3. Omega-3 Fatty Acids
If you’re struggling with PCOS, weight loss resistance or weight gain, you might be tempted to cut down on your fat intake. But healthy fats are not only essential for blood sugar balance and satiation, but they’re also essential for fighting off chronic inflammation. I recommend eating 3 oz. of wild salmon twice per week, nuts and seeds regularly, and/or olive oil daily to get your daily dose of anti-inflammatory omega-3 fatty acids.
4. Fermented Foods
If you’re a frequent reader of my blog or follow me on social media, you know that I love fermented foods. Fermentation has a long list of benefits (read about them in this blog post) but the one that most applies to PCOS is an increase in gut microbiota diversity, which we learned earlier is lacking in PCOS patients. Try to eat at least one fermented food a day, and mix up your diet so you’re getting a wide range of fiber to feed those friendly bacteria in your gut! And if you want to turbocharge your results, then add in a high-potency probiotic, like HAPPY GUT® Restore.
5. Fermented Foods
If you look at nutrition and lifestyle tips for PCOS, you’ll see that most experts will tell you to cut out carbohydrates. Well, I’ve got great news! According to Eleni, you can still eat carbohydrates. But instead of processed simple carbs, she recommends focusing on carbs with a high resistant starch content. “These foods, which include cooked and chilled legumes, kiwi, and sunchokes, are great for PCOS because they have a better impact on blood sugar,” she says. Other great sources of resistant starch include oats, cooked and chilled potatoes, and cooked and chilled rice.
If you’re struggling with PCOS and you’ve only been given prescription drug options, Eleni and I both agree that you’ve only explored a fraction of the treatment options available to you.
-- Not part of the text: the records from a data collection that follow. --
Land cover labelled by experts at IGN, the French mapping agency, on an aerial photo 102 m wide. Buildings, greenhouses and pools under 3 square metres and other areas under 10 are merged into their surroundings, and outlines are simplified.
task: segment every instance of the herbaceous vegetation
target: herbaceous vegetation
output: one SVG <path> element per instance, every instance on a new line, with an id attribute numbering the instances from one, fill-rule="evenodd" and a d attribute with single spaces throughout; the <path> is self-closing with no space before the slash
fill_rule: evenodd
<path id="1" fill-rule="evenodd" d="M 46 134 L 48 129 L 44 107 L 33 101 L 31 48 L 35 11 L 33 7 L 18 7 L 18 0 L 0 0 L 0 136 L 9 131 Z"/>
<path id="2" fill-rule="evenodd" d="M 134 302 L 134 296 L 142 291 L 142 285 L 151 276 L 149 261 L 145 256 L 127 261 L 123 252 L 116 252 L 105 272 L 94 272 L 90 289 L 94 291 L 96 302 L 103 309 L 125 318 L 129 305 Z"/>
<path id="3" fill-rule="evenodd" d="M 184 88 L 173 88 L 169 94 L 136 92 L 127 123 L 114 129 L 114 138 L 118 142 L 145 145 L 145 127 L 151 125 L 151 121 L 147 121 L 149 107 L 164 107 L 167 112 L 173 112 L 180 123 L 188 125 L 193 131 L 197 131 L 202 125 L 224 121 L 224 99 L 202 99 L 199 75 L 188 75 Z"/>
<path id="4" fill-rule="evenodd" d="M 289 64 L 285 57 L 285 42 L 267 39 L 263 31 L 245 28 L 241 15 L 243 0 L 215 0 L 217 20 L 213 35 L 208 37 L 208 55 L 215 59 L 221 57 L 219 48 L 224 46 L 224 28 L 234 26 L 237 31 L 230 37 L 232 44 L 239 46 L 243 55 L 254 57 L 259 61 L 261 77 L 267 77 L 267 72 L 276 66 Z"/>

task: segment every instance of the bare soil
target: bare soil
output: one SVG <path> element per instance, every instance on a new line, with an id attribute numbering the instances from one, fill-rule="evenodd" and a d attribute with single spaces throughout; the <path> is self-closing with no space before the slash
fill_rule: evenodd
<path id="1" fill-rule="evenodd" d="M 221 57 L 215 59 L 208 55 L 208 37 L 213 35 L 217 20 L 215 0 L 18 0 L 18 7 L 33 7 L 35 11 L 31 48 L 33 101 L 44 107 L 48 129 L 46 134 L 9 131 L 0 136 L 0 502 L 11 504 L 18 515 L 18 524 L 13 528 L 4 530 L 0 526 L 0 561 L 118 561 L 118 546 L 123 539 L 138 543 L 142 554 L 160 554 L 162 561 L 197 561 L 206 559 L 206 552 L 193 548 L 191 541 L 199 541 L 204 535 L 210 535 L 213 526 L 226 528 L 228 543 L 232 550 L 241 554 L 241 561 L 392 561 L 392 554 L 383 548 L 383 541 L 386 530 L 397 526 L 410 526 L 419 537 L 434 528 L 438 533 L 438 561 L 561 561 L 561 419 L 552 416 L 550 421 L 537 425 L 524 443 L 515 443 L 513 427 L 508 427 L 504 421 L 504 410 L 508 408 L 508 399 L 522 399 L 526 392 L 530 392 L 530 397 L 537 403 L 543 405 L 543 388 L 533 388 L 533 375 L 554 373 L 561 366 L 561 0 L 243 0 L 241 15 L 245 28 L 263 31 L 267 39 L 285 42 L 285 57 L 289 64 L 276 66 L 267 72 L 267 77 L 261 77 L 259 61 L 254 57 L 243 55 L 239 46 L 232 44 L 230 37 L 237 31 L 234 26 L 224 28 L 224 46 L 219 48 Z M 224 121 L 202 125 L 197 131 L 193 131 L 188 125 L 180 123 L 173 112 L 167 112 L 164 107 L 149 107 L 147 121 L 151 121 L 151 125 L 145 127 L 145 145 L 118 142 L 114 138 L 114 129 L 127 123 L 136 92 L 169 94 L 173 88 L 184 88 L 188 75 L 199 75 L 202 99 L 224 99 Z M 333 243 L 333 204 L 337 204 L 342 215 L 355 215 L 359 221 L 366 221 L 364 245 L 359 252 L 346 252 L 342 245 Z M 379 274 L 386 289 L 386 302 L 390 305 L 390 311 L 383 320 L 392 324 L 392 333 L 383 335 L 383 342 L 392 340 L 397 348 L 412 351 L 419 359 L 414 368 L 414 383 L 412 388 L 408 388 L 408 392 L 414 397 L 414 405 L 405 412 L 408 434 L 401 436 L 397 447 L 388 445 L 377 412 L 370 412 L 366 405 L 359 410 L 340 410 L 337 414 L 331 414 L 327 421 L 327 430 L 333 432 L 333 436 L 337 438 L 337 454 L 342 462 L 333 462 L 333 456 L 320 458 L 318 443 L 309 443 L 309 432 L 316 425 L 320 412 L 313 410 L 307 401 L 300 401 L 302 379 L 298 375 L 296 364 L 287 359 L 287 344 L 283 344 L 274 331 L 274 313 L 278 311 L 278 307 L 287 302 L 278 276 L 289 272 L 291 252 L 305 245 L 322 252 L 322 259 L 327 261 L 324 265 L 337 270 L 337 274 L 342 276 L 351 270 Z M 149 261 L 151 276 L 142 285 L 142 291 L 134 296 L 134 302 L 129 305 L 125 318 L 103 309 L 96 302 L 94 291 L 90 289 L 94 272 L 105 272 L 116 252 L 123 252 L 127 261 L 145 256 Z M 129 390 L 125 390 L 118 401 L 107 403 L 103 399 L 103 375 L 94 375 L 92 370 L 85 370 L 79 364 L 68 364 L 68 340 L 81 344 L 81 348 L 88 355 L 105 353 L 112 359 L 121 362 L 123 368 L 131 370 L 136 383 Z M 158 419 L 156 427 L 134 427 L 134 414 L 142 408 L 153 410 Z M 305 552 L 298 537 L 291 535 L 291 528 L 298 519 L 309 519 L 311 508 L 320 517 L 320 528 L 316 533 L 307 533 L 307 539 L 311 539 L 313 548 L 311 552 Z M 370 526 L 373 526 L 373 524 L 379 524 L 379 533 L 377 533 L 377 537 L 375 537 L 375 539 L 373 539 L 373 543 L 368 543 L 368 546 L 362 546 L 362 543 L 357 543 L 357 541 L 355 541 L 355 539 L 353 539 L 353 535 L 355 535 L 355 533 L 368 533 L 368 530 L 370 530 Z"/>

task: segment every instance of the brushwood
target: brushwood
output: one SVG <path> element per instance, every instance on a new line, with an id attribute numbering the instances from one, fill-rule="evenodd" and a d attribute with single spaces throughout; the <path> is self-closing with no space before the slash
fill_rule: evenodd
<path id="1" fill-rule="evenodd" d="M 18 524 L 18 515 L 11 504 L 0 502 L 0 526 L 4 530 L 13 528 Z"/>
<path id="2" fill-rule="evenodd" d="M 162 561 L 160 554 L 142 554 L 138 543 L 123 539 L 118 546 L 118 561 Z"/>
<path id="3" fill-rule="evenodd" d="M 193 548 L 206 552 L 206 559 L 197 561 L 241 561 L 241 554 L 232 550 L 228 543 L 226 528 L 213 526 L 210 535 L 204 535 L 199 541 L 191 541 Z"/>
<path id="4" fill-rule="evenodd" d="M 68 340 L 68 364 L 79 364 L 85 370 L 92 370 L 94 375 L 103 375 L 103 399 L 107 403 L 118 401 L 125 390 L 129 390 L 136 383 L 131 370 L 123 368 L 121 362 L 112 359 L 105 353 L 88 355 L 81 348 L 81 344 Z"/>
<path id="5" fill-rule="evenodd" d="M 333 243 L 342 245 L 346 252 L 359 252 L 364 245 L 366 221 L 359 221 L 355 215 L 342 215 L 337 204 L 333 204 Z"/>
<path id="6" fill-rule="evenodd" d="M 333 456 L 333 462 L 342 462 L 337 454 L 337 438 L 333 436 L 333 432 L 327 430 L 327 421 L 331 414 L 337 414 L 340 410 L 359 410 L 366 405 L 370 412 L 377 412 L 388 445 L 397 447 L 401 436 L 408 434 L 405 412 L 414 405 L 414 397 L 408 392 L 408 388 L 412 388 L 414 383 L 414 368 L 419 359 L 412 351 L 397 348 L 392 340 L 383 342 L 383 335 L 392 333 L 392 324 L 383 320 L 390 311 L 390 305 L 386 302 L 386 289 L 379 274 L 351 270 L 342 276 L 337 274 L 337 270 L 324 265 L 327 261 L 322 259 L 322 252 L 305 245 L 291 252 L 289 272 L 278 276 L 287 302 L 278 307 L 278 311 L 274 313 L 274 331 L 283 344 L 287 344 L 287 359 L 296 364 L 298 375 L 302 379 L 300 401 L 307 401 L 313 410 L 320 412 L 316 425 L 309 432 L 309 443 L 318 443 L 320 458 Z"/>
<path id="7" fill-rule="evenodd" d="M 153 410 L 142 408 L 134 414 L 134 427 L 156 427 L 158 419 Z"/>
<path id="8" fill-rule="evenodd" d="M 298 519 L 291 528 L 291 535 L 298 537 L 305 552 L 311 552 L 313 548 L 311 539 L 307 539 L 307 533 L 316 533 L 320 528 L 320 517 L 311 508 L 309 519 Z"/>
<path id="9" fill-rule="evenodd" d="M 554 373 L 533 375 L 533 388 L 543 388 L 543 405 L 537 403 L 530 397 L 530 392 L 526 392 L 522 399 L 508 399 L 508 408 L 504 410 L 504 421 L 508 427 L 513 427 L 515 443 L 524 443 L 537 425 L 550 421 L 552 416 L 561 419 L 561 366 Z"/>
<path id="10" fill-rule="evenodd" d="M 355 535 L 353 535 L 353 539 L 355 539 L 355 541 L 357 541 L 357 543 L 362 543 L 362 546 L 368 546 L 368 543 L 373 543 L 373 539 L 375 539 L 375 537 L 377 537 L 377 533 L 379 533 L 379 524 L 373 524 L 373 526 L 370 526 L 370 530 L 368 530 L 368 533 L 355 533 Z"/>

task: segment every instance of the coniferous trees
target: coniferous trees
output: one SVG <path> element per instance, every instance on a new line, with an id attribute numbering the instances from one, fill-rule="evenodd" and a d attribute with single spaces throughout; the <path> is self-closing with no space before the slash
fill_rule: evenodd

I’d never give you any kind of guarantee, but many women are able to reduce or even eliminate PCOS by making some key changes to their lifestyle! There’s hope. And, by the way, if you need further nutrition guidance, Eleni provides virtual nutrition consultations.
In summary, PCOS symptoms can make you feel frustrated, self-conscious, and reaching for cover-up, but remember that you’re not alone and that PCOS is the most common hormone disorder in the world. Follow the approaches detailed above to help you manage your PCOS in the long-term.